Given information: Begin

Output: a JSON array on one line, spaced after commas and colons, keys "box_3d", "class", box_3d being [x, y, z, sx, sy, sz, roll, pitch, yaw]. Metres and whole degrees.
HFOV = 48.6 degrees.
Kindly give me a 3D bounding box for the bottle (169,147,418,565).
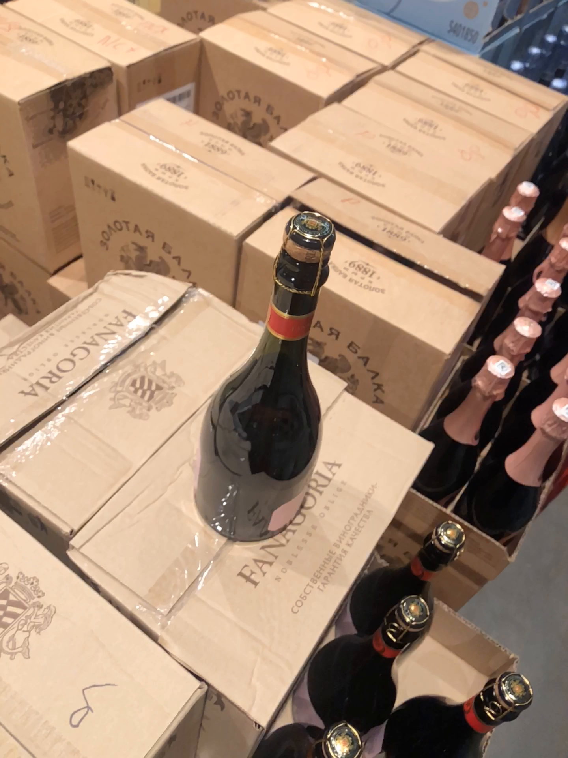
[{"box_3d": [-0.011, 0.006, 0.463, 0.100, 0.298, 0.111, 27, 52, 12], "class": "bottle"}]

Given information: End

# Requirement
Give back the listing exactly, with the pictures removed.

# Your response
Output: a JSON array on one line, spaced after commas and colons, keys "box_3d", "class", box_3d being [x, y, z, sx, sy, sz, roll, pitch, yaw]. Metres and whole degrees.
HFOV = 48.6 degrees.
Kindly give me a 3D bounding box for the bottle (169,147,418,565).
[{"box_3d": [-0.011, 0.006, 0.463, 0.100, 0.298, 0.111, 27, 52, 12], "class": "bottle"}]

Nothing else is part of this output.